### What the task requires:
Copy out every line holding the string "fminor" from the records below.
[Opening Record extracts section]
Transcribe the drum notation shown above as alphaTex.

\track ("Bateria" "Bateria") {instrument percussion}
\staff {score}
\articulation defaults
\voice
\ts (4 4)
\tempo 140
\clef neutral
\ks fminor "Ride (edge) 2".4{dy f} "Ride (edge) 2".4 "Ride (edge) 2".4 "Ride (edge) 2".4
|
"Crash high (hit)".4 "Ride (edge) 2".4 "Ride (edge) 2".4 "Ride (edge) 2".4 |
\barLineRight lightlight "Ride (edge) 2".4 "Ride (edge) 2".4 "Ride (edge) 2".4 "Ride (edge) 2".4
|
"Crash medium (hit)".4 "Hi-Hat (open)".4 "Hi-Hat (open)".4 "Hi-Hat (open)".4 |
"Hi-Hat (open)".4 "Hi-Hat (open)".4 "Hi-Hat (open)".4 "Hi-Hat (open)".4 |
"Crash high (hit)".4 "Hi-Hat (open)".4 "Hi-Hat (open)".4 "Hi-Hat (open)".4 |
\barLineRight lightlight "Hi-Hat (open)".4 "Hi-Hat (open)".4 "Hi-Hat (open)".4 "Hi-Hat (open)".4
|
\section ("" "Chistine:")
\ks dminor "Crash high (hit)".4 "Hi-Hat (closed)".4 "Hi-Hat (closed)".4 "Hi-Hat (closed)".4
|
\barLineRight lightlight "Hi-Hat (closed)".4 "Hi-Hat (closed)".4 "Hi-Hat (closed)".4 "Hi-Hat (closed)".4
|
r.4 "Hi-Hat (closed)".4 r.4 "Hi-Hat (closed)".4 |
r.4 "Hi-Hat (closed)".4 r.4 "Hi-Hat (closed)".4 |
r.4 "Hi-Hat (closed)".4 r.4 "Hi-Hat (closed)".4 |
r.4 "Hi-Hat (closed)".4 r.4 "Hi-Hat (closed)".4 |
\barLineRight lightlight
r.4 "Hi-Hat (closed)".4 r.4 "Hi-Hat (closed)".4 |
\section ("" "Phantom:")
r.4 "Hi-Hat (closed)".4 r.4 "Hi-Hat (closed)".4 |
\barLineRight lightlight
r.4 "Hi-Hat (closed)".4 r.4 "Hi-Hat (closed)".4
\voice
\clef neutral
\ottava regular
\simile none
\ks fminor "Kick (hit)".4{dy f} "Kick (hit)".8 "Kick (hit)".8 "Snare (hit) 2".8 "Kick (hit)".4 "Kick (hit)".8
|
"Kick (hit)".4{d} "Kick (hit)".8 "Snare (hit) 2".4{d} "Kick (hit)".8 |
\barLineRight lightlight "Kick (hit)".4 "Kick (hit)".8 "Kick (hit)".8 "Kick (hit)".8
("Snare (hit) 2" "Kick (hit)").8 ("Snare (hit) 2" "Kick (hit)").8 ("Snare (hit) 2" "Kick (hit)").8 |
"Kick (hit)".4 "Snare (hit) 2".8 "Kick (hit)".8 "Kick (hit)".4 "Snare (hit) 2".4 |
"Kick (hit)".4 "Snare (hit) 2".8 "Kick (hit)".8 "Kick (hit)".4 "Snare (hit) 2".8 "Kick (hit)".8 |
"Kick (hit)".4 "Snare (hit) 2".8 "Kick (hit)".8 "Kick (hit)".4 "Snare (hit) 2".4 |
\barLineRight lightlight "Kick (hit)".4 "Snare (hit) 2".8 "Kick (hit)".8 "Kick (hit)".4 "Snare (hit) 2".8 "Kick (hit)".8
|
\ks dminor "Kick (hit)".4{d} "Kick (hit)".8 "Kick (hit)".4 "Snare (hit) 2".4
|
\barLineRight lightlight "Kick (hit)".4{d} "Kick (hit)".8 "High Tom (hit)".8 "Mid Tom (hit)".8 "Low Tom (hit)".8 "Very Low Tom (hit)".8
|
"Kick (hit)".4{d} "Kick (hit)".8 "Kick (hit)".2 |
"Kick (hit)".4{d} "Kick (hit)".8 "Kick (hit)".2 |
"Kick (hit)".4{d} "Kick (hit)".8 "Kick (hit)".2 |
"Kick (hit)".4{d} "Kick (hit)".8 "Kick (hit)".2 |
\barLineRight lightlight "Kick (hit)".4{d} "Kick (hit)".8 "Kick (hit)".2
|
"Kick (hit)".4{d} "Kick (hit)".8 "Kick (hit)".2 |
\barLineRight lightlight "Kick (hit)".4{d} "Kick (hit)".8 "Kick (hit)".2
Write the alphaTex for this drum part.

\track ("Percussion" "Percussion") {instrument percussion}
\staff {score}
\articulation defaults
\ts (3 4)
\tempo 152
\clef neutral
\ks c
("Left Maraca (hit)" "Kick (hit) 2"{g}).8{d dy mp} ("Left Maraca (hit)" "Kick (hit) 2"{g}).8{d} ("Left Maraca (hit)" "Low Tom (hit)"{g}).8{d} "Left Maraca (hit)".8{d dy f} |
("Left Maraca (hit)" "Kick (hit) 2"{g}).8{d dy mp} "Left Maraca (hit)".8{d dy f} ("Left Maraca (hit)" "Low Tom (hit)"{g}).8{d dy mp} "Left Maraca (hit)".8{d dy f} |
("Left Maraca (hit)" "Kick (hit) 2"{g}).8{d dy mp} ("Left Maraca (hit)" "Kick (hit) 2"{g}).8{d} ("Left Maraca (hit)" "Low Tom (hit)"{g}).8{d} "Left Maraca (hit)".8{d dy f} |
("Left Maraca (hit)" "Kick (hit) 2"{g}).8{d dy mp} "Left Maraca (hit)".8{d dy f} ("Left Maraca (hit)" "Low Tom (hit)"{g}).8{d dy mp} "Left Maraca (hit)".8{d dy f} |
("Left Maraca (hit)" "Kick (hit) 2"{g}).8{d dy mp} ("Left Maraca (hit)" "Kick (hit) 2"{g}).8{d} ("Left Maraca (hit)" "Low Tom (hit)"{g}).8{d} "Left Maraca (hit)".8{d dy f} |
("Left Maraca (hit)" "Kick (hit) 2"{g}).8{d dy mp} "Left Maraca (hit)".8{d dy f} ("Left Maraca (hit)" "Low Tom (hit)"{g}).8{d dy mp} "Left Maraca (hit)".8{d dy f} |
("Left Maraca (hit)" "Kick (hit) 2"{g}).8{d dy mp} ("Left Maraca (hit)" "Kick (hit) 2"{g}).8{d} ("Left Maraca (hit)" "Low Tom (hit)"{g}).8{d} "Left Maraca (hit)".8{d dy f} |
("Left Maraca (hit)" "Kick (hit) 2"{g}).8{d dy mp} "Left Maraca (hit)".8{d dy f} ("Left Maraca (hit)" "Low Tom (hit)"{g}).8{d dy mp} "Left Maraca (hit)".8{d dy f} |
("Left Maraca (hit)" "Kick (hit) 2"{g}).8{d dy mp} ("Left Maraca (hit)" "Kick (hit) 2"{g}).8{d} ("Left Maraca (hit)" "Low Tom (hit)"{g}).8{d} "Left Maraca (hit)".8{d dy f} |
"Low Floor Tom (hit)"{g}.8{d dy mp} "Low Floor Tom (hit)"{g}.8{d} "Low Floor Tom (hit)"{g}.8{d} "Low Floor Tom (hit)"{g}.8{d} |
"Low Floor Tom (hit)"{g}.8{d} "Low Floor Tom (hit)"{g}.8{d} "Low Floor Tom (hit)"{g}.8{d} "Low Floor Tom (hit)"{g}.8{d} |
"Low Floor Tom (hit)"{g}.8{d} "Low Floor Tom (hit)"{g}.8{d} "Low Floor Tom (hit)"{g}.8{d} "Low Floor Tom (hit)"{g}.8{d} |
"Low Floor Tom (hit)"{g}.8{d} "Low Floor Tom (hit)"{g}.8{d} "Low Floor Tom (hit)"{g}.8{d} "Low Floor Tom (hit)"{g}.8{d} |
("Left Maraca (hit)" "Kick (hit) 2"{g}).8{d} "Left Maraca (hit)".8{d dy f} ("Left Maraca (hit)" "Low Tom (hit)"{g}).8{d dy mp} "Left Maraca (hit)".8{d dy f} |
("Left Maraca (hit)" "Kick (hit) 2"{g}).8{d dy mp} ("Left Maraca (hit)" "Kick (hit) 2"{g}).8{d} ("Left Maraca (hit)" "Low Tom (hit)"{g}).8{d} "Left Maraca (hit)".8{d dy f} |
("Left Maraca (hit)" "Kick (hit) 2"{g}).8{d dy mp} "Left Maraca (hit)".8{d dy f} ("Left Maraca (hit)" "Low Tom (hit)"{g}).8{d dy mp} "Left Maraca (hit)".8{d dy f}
[Closing Record extracts section]
### Answer space:
\ks fminor "Ride (edge) 2".4{dy f} "Ride (edge) 2".4 "Ride (edge) 2".4 "Ride (edge) 2".4
\ks fminor "Kick (hit)".4{dy f} "Kick (hit)".8 "Kick (hit)".8 "Snare (hit) 2".8 "Kick (hit)".4 "Kick (hit)".8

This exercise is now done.